«Виды доброты» (Kinds of Kindness)
Реж. Йоргос Лантимос
США, Великобритания, Ирландия, 164 мин., 2024
После триумфального шествия «Бедных-несчастных» Йоргос Лантимос вполне мог бы взять долгий перерыв и неспешно купаться в лучах славы, которую принесла ему адаптация романа Аласдера Грея как среди критиков и членов фестивальных жюри, так и среди мейнстримных синефилов, радостно растаскавших фильм на мемы и твиты (справедливости ради, эта работа – самая белая и пушистая в карьере грека – тому всячески способствовала). Оказалось, что отдыхать Лантимос не собирался, а вместо того окончательно подготовил к релизу уже отснятый и сменивший пару рабочих названий фильм, увидевший свет в рамках 77-го Каннского кинофестиваля под именем «Виды доброты».
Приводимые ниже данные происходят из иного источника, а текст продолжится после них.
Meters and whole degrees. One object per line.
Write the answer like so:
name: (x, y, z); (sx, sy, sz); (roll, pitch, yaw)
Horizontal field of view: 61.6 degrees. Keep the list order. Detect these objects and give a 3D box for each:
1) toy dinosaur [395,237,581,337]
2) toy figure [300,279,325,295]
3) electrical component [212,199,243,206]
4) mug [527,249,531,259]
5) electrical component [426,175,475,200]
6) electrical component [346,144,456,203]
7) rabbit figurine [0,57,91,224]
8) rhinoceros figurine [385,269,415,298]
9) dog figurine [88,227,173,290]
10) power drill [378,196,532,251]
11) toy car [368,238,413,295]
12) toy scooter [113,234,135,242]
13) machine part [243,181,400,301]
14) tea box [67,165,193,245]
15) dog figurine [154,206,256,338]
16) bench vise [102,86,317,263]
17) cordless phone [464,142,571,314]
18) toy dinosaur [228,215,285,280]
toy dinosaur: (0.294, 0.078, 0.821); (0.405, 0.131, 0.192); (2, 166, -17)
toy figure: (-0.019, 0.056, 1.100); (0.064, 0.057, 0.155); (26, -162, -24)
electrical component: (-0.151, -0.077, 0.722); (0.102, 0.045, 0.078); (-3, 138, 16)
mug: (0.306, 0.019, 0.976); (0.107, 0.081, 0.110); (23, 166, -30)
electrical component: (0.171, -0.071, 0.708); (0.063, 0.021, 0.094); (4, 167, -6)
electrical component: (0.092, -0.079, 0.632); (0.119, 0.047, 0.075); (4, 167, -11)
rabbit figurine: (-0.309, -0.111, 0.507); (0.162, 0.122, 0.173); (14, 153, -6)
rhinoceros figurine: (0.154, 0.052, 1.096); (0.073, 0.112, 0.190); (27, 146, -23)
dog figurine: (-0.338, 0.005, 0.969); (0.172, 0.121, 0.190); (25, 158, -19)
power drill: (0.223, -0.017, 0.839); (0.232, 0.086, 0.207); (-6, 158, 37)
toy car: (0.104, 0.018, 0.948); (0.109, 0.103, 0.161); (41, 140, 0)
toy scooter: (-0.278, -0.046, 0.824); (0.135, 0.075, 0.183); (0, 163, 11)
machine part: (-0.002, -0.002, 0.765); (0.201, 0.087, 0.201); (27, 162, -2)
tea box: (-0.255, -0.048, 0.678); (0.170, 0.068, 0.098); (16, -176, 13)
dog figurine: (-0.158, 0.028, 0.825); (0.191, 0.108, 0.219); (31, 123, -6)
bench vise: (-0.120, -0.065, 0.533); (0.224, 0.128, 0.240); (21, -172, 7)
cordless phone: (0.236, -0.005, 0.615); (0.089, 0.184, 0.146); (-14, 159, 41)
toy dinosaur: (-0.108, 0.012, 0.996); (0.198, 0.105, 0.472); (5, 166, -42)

Как только критики начали телеграфировать из Канн, сразу выяснилось, что новая картина сильно отличается от предыдущей. Вместо единого сюжета – триптих из трёх коротких историй; вместо доброго юмора – шаг в сторону родной Лантимосу отстранённости; вместо адаптации англоязычного романа – оригинальный сценарий, созданный в коллаборации с давним соавтором Эфтимисом Филиппу. Несложно понять, как появился дискурс о том, что грек возвращается к той странной манере, в которой он делал фильмы до «Бедных-несчастных» и которая стала синонимичной с его именем. Получившийся в итоге фильм не может похвастаться ни самобытно аскетичным «лантимовским» дискомфортом, ни той доступностью, которая сделала экранизацию Грея хитом, а скорее работает где-то в середине между этими двумя полюсами, неся в себе следы обоих. Это делает «Виды доброты» своего рода переходным фильмом, который наверняка займёт в корпусе режиссёра место любопытного, но третьестепенного фильма, вроде «Паука» у Дэвида Кроненберга, что совсем не является недостатком.
Образующие фильм три истории, номинально связанные присутствием загадочно мелькающего персонажа, о котором известны только его инициалы («Р.М.Ф.»), и тем фактом, что одни и те же актёры дают свои лица разным героям, в остальном на первый взгляд кажутся довольно автономными. Тем не менее, несмотря на то, что ни один из сюжетов не нуждается в другом, в треугольнике Лантимоса намечается главный мотив – судьбы, то есть чего-то, что едва ли возможно понять (еще меньше – объяснить), но что можно почувствовать, и – здесь греческое происхождение создателей даёт о себе знать – чему необходимо подчиниться. Так, в первом рассказе отступление от фатума подтачивает жизнь главного героя до тех пор, пока тому не приходится покаяться и заново обрести свою верность, во втором именно непоколебимая уверенность в мистическом знании вознаграждается чудом, а третий почти даёт своей протагонистке оспорить решение судьбы и вернуться на потерянную траекторию только для того, чтобы это недоразумение вдруг разрешилось в финале.
Оттого, что каждый из отрывков не оставляет большого пространства для действий, в звёздном актёрском составе почти никто не успевает выделиться, за исключением Джесси Племонса, который успешно воплощает трёх действительно различающихся персонажей. Эмма Стоун, Маргарет Куэлли, и Уиллем Дефо, которые уже работали с Лантимосом в «Бедных-несчастных», кажутся скорее теми, кого ему было проще всего нанять, зная, что те не оплошают. Похожее впечатление производит работа композитора Джерскина Фендрикса, сменившего фактурный саундтрек «Бедных-несчастных» на минималистичное, диссонансное фортепиано, заставляя вспомнить «Лобстер», в котором то и дело звучали нервные струнные квартеты Шнитке и Шостаковича, или почти лишенный музыки «Клык».
В такой ситуации, когда привычные стилистические особенности легко идентифицируются и отделяются, становится лучше видна первичная и существенно важная черта работ Лантимоса, а именно – фокус на неуловимом, иррациональном порядке всего. Закон, который правит судьбами героев, причудливый и немой, он не хранит в себе объяснений, но строго организует всё то, чем управляет, и не терпит попыток пренебречь им. При таком раскладе единственная добродетель – это умение слышать его диссонанс и чувствовать его ритм, не задавая бесполезных вопросов.